Thread: Port 1434 Activity gone up, up up.....

There has been a steady rise in port 1433 activity over the last week here which is confirmed by ISC, (www.isc.sans.org).

Yesterday at 12:20 EDT Snort began alerting on MS-SQL version overflow attempts and MS-SQL Worm propogation attempts on port 1434. My external sensor has logged some 300 attempts since that time. Anyone else seeing this?

Interestingly enough, with all the 1433 scans I have received in the last week the 1434 attempts are untargetted, (random scans at IP's that don't exist). Since both ports are blocked on my network it implies that the 1433 scan was actually unrelated to the 1434 attempts.

Any thoughts/information?

Yeah, clearly it's an old exploit... I haven't seen Snort pop up an MS-SQL alert in about a year.

It just strikes me that the uptick in 1433 scans is unrelated to the 1434 and am sorta wondering what the motivation for the two coinciding might be.... eg: did the uptick remind some skiddie that there are probably unpatched/misconfigured MS-SQL servers out there for them to play with?

I've seen 537 attempts from 144 unique sources this week.

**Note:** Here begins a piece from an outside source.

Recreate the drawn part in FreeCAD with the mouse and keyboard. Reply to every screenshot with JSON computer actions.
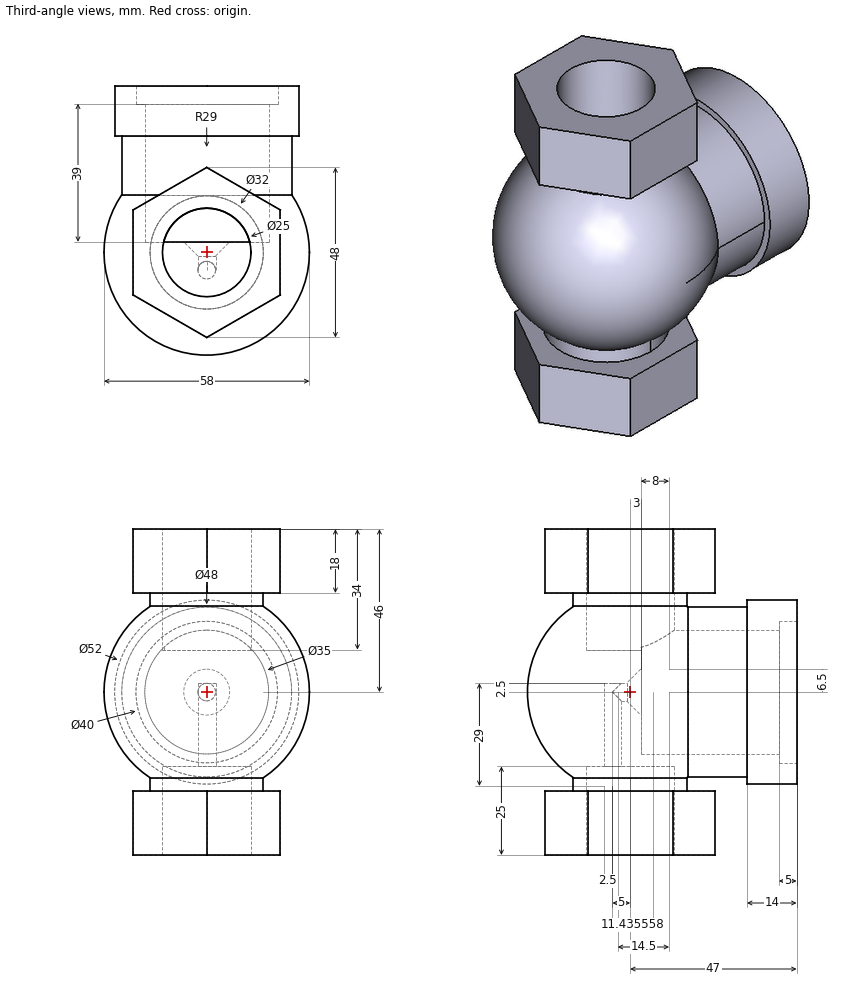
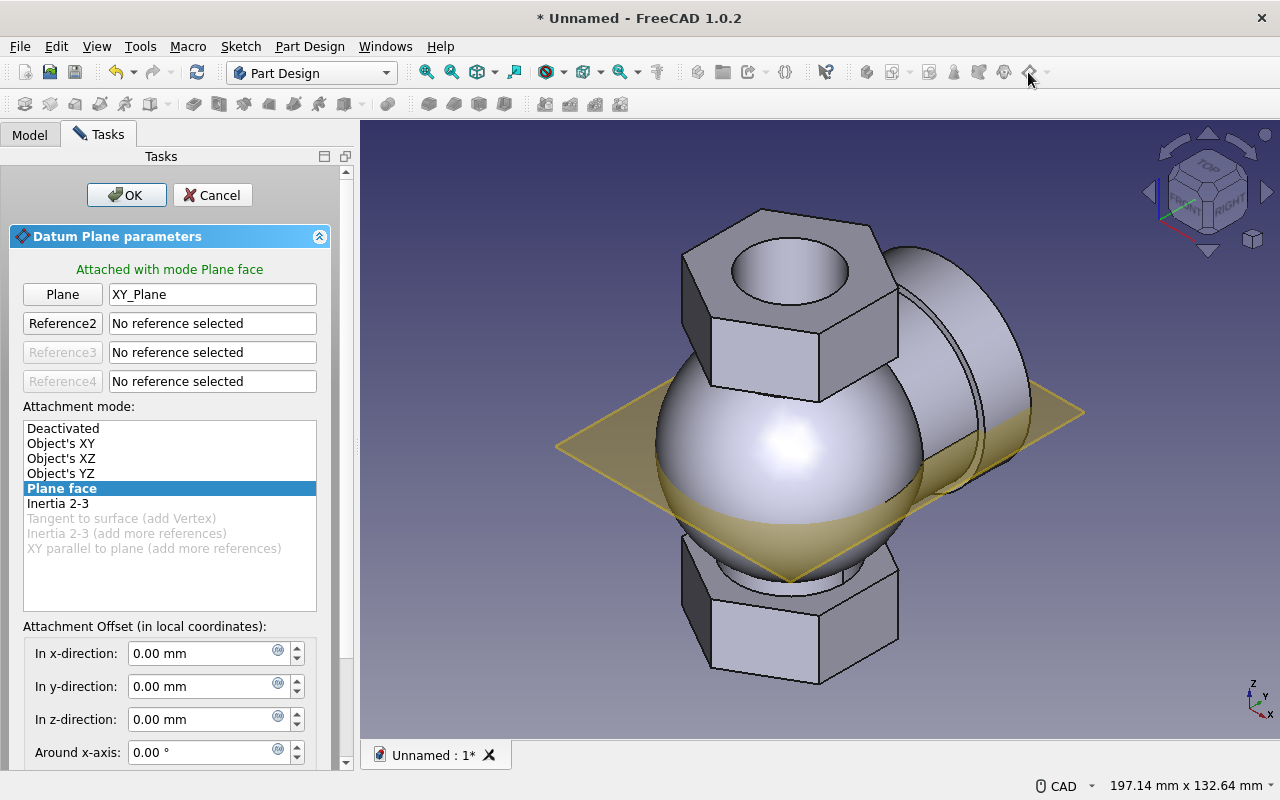
{"action": "triple_click", "coordinate": [210, 720]}

Typically I associate this with a bunch of clowns who dig up an automated tool from a site that is 2 years old and then tell all their buddies that they've found a new hack. Stupidity spreads quicker than disease...

Stupidity spreads quicker than disease...

Ain't that the truth.... Thanks for the giggle.....

Well.... The consistency of the traffic and the large variation of the IP addresses really implies there are a lot of still unpatched systems sitting out there......

I get a very, VERY large number of these alerts from one of my clients.

June IDS statistics (for 1 of 8 locations, globally):
MS - SQL version overflow attempts: 4879 from 1109 unique IPs
MS - SQL Worm propagation attempts: 5719 from 1279 unique IPs
All seem to be to 1434/tcp.

So yeah, unpatched hosts and dingus dipshit wannabes out there trying out the "newest" exploits.